“DPR saya kira tidak pernah berhenti, karena saya sendiri pernah menghadiri rapat konsultasi dengan presiden, dan presiden sebetulnya sudah setuju dengan pikiran mengubah UU KPK ini sesuai dengan permintaan banyak pihak,” tegas dia.
Fahri menuturkan, salah satu poin revisi UU KPK adalah membentuk dewan pengawas di lembaga antirasuah. Menurutnya, dewan pengawas harus ada agar KPK tak bertindak sewenang-wenang.
“KPK enggak ada pengawas. Kan kita sudah tahu banyak sekali akibatnya, pelanggaran yang kita terpaksa tutup karena KPK dianggap holy law, dianggap enggak boleh salah, harus dianggap suci, kalau mulai dianggap kotor, nanti orang enggak takut, dianggapnya begitu,” kata Fahri.
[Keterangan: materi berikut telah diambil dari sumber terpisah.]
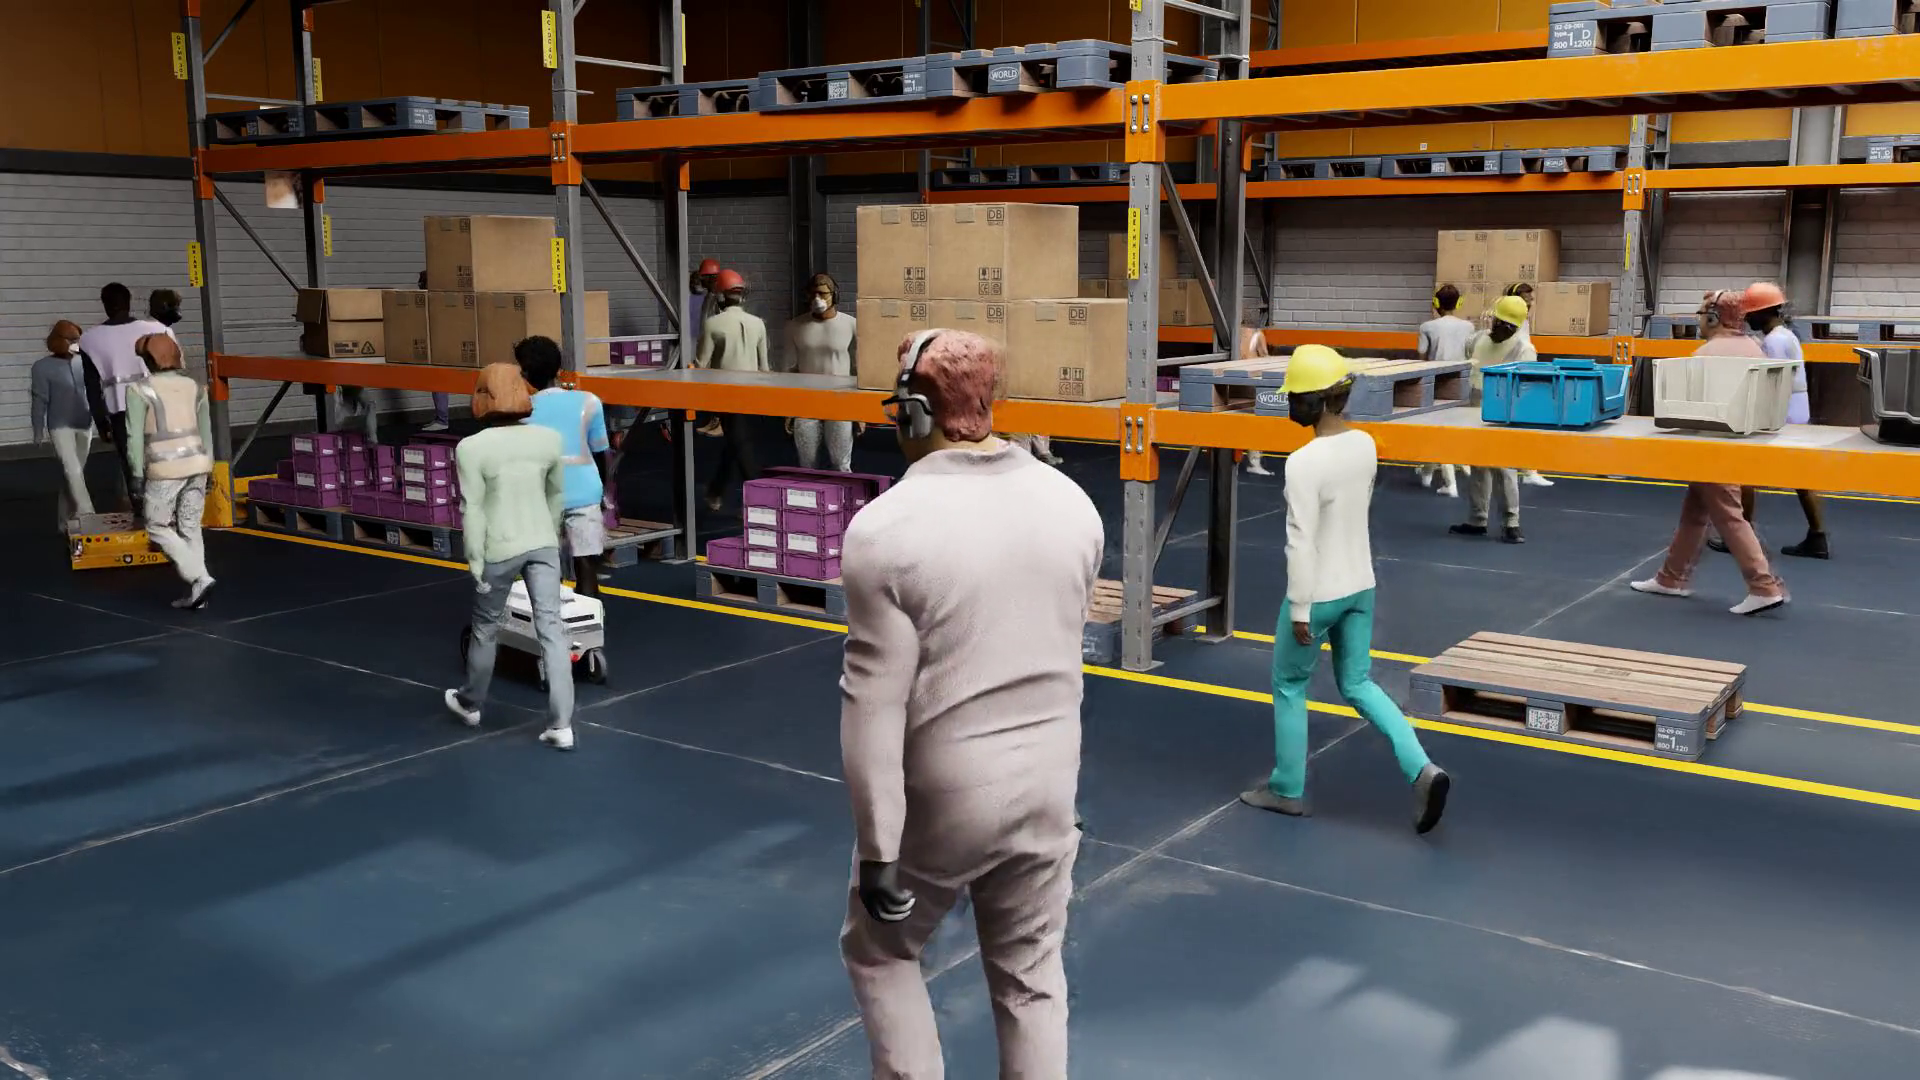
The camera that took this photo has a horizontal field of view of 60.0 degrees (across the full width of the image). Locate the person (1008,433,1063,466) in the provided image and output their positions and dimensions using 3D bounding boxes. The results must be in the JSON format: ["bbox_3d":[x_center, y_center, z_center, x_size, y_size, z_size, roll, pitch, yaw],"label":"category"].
[{"bbox_3d":[0.798,-1.694,16.368,0.871,1.953,0.630,6,11,31],"label":"person"}]

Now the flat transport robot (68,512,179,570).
[{"bbox_3d":[-5.756,-0.022,11.431,0.652,0.197,1.431,-5,11,-28],"label":"flat transport robot"}]

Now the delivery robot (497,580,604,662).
[{"bbox_3d":[-2.032,0.359,8.040,0.477,0.478,0.707,-9,13,-43],"label":"delivery robot"}]

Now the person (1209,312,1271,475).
[{"bbox_3d":[2.689,-1.409,15.715,0.605,1.614,0.326,3,10,17],"label":"person"}]

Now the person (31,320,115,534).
[{"bbox_3d":[-6.402,-0.792,12.088,0.842,1.586,0.503,5,11,26],"label":"person"}]

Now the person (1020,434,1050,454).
[{"bbox_3d":[0.720,-1.640,17.006,0.521,1.636,0.311,-6,11,-33],"label":"person"}]

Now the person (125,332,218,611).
[{"bbox_3d":[-4.460,-0.371,9.488,0.453,1.616,0.558,5,11,25],"label":"person"}]

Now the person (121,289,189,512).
[{"bbox_3d":[-6.418,-1.136,13.559,0.939,1.787,0.676,-3,10,-17],"label":"person"}]

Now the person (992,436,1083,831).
[{"bbox_3d":[0.067,0.202,5.787,0.521,1.726,0.901,-9,13,-44],"label":"person"}]

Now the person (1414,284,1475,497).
[{"bbox_3d":[4.181,-1.318,14.538,0.551,1.817,0.961,-1,10,-9],"label":"person"}]

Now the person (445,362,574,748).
[{"bbox_3d":[-1.897,0.057,7.012,0.497,1.592,0.857,-8,12,-39],"label":"person"}]

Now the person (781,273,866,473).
[{"bbox_3d":[-0.950,-0.907,11.741,0.629,1.940,0.379,2,10,9],"label":"person"}]

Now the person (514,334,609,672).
[{"bbox_3d":[-1.973,-0.184,8.237,0.534,1.665,0.803,-4,10,-21],"label":"person"}]

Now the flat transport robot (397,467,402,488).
[{"bbox_3d":[-4.826,-0.499,14.273,1.431,0.197,0.652,0,10,3],"label":"flat transport robot"}]

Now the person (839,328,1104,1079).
[{"bbox_3d":[0.004,0.516,3.426,0.663,1.887,0.499,-6,11,-33],"label":"person"}]

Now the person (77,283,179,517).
[{"bbox_3d":[-5.904,-0.894,11.913,0.666,1.856,0.918,-6,11,-30],"label":"person"}]

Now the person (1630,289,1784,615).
[{"bbox_3d":[4.428,-0.519,9.679,0.676,1.866,0.986,-8,12,-38],"label":"person"}]

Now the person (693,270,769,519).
[{"bbox_3d":[-1.861,-1.152,13.164,1.005,1.937,0.630,8,12,40],"label":"person"}]

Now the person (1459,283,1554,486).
[{"bbox_3d":[4.988,-1.428,15.177,0.528,1.837,0.917,-8,12,-40],"label":"person"}]

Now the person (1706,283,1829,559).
[{"bbox_3d":[5.525,-0.799,11.317,0.868,1.865,0.562,6,11,33],"label":"person"}]

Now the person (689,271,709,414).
[{"bbox_3d":[-3.439,-2.615,22.075,0.660,1.874,1.020,-6,11,-33],"label":"person"}]

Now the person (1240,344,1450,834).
[{"bbox_3d":[1.353,0.182,5.848,0.530,1.735,0.742,-8,13,-40],"label":"person"}]

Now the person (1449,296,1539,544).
[{"bbox_3d":[3.836,-0.872,12.037,0.406,1.781,0.679,-5,11,-25],"label":"person"}]

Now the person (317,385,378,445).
[{"bbox_3d":[-6.258,-1.686,17.038,0.491,1.719,0.703,9,13,43],"label":"person"}]

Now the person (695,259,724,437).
[{"bbox_3d":[-2.857,-2.213,19.211,0.374,2.044,0.605,-5,11,-26],"label":"person"}]

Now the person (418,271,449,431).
[{"bbox_3d":[-6.310,-2.258,19.883,0.409,1.907,0.651,-2,10,-14],"label":"person"}]
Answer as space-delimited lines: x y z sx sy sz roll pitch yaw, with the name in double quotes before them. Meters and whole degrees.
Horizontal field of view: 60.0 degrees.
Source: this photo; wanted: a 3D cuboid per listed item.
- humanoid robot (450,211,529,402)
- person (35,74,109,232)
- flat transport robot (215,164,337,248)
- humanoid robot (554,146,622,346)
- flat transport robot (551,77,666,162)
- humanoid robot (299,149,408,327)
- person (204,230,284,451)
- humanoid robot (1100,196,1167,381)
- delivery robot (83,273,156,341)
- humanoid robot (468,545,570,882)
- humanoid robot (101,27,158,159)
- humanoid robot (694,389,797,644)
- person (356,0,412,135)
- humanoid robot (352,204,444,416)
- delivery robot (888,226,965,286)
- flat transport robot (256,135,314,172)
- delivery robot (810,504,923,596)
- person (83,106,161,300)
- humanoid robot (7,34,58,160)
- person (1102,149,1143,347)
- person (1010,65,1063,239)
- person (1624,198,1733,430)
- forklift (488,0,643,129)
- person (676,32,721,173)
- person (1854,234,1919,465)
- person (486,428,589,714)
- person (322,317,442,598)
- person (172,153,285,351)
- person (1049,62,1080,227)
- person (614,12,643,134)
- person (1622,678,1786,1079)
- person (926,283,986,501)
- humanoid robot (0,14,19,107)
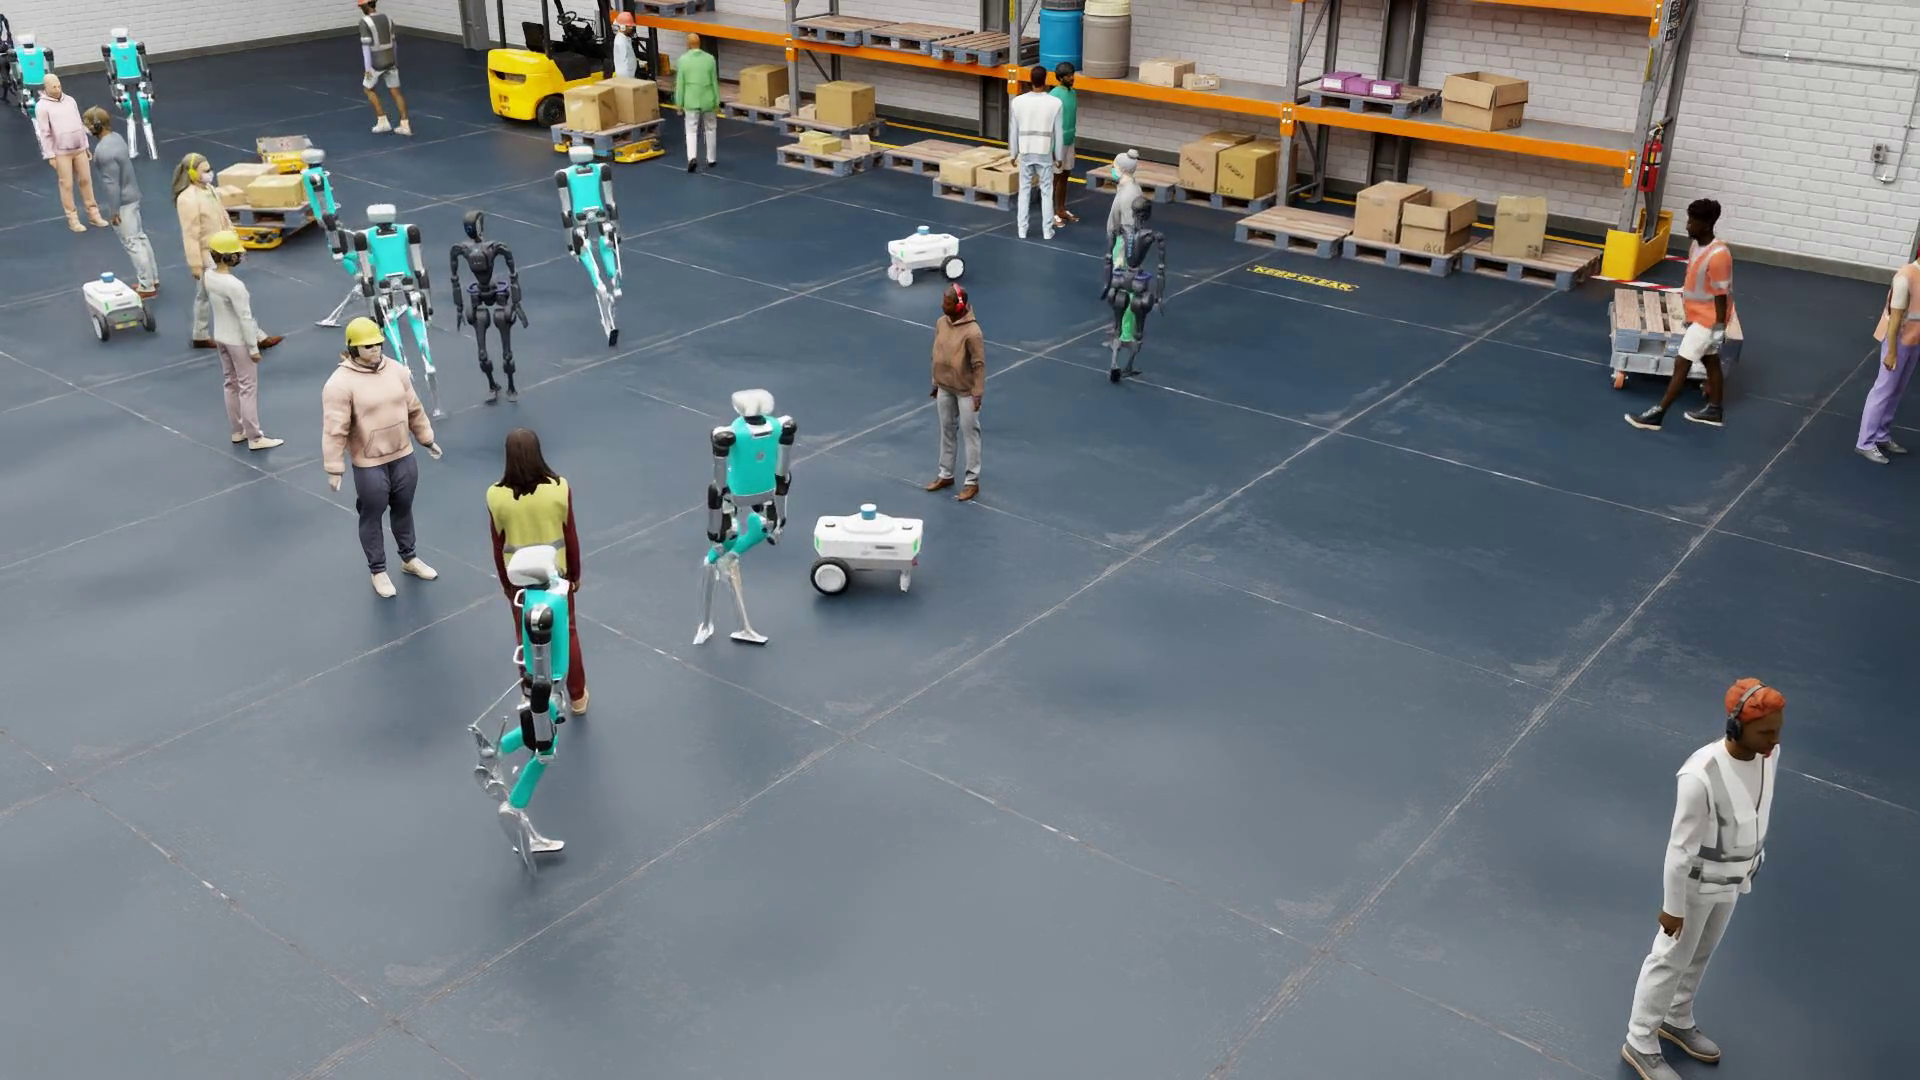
"humanoid robot" -3.957 -1.967 14.029 0.615 1.652 0.311 0 26 -1
"person" -10.216 -4.431 19.020 0.416 1.774 0.537 14 29 27
"flat transport robot" -7.900 -3.609 19.044 0.659 0.231 1.431 2 26 4
"humanoid robot" -3.357 -2.703 15.508 0.559 1.784 0.941 -11 28 -22
"flat transport robot" -4.786 -5.378 22.708 1.431 0.231 0.659 16 30 30
"humanoid robot" -5.722 -2.859 15.862 1.021 1.773 0.550 -9 27 -18
"person" -5.678 -1.572 13.114 0.517 1.761 0.332 19 32 34
"humanoid robot" 1.459 -2.165 14.480 0.614 1.642 0.537 15 30 29
"delivery robot" -8.083 -2.250 15.899 0.499 0.592 0.791 -21 33 -36
"humanoid robot" -2.186 0.914 8.108 0.716 1.897 0.540 -2 26 -5
"humanoid robot" -11.032 -5.928 22.179 0.533 1.816 0.697 -13 29 -25
"humanoid robot" -1.398 -0.147 10.201 0.609 1.781 0.842 -16 30 -30
"person" -8.214 -6.740 23.535 0.695 2.002 0.687 12 28 23
"humanoid robot" -4.569 -1.800 13.661 0.538 1.815 0.755 -12 28 -23
"delivery robot" -0.366 -2.992 17.423 0.773 0.582 0.499 -13 29 -25
"flat transport robot" -9.026 -5.185 22.309 0.659 0.231 1.431 -12 28 -23
"delivery robot" -0.636 0.053 11.139 0.772 0.601 0.499 2 26 4
"person" -8.384 -3.361 16.627 0.373 1.931 0.636 -7 27 -14
"humanoid robot" -12.124 -5.795 21.919 0.548 1.786 0.815 -13 29 -25
"person" 1.508 -2.695 15.342 0.327 1.842 0.526 5 26 10
"person" 0.852 -4.337 18.672 0.597 1.910 0.386 5 26 10
"person" 5.938 -1.809 13.445 0.842 1.907 0.639 4 26 9
"forklift" -5.874 -7.334 24.552 1.214 2.155 2.313 19 32 34
"person" -3.394 -5.668 21.613 0.579 1.763 0.708 -3 26 -7
"person" 7.316 -1.520 12.904 0.565 1.846 0.390 -19 32 -35
"person" -2.379 0.207 9.420 0.469 1.765 0.365 -7 27 -14
"person" -3.809 -0.565 10.899 0.410 1.870 0.796 19 32 34
"person" -6.739 -2.618 15.188 0.949 1.826 0.576 -1 26 -2
"person" 1.169 -4.582 19.244 0.393 1.849 0.501 17 31 31
"person" -4.671 -6.538 23.421 0.351 1.737 0.572 -4 26 -9
"person" 3.071 1.398 6.819 0.584 1.882 0.341 -18 31 -32
"person" -0.007 -1.099 12.253 0.461 1.649 0.327 21 33 36
"humanoid robot" -14.755 -7.471 25.472 0.765 1.625 0.608 9 27 17
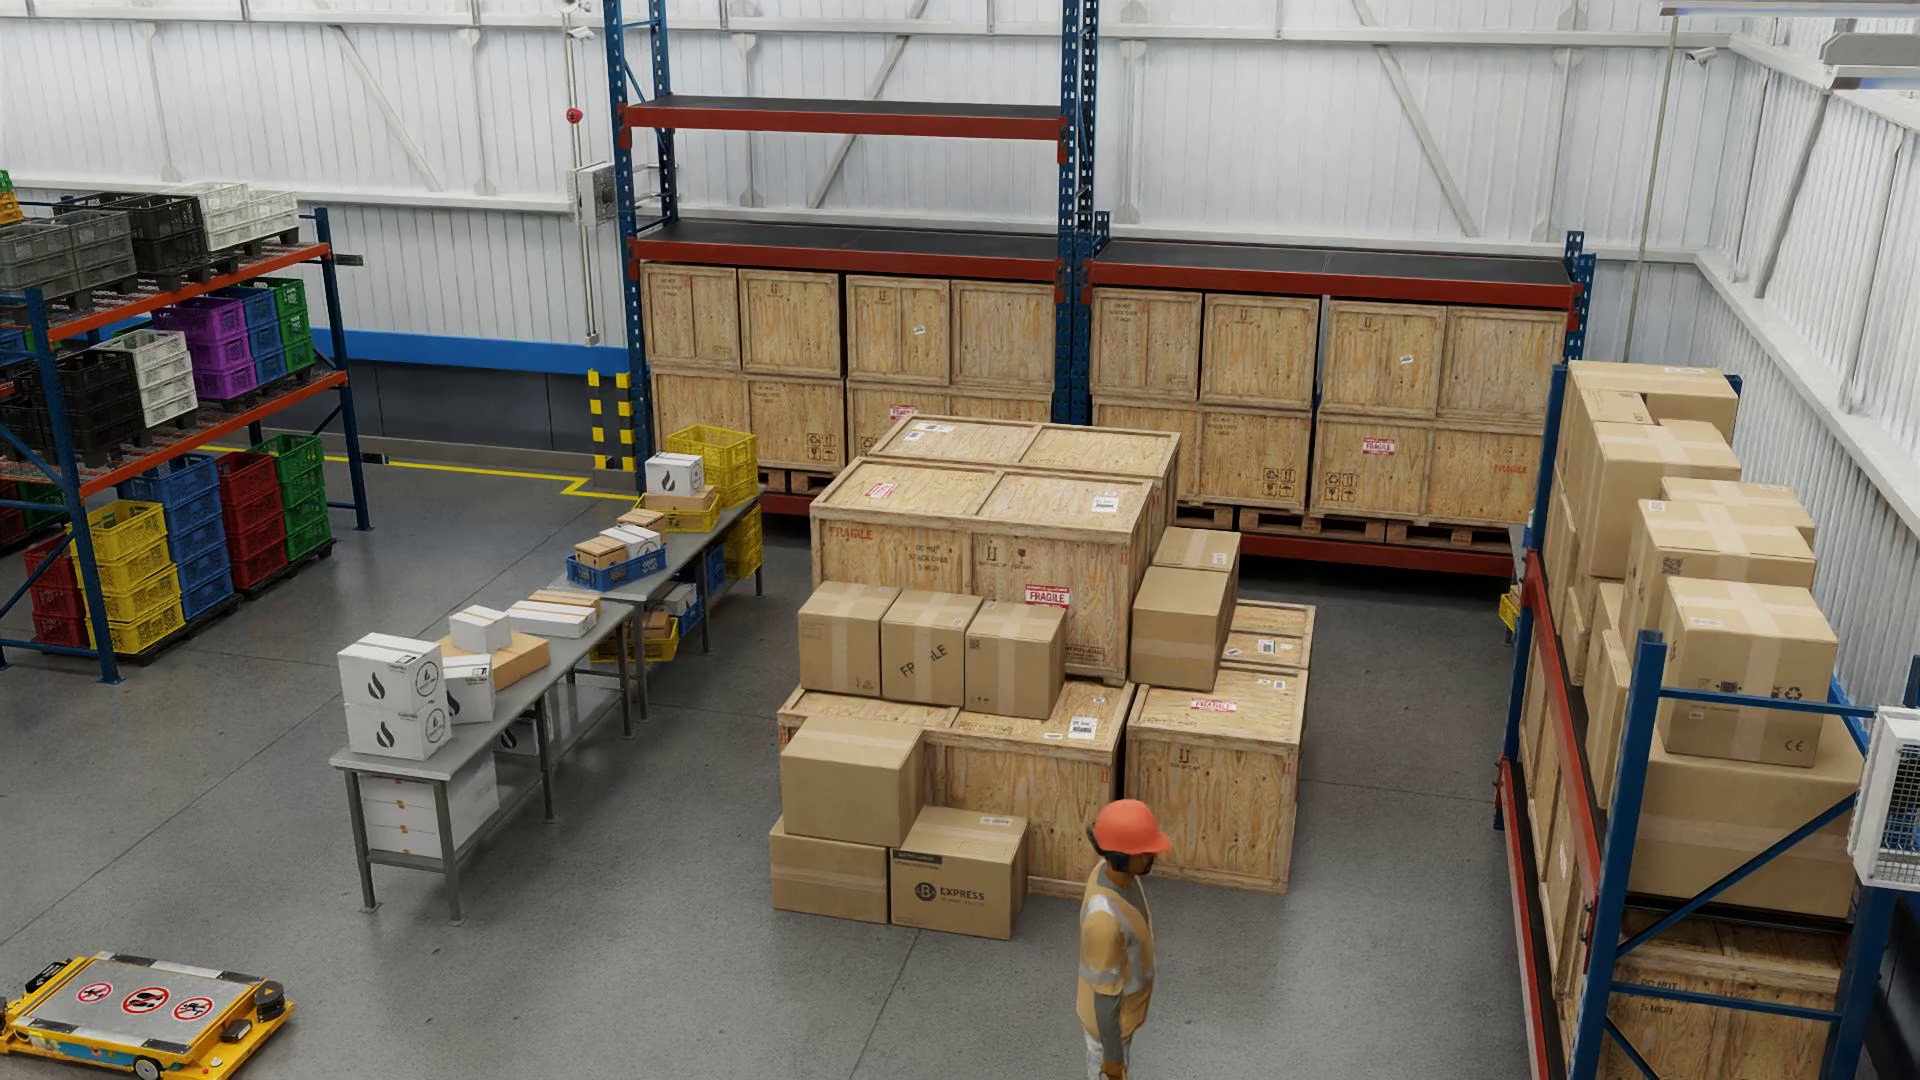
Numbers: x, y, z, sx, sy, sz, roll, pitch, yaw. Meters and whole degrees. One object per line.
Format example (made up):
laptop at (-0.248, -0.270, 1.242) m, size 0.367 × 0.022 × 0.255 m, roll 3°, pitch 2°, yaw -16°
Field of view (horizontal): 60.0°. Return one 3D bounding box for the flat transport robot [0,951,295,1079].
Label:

Kemudian Fahri juga menyoroti revisi UU KPK soal pemberian kewenangan menerbitkan SP3 atau surat perintah penghentian penyidikan bagi KPK. Karena selama ini banyak kasus di sana yang sudah bertahun-tahun tapi tak juga selesai.
“Jadi banyak kasus orang jadi tersangka, seumur hidup karena KPK tidak bisa mengeluarkan SP3. Padahal seharusnya termasuk penyidik KPK, mungkin keliru. Dan ketika dia keliru ya, dia keluarkan SP3 sebagai koreksi atas ketidakmampuannya menemui kesalahan orang. Bukannya malah orang itu terpaksa disalah-salahkan, dipaksa bersalah hanya karena KPK tidak boleh mengeluarkan SP3,” ujar dia.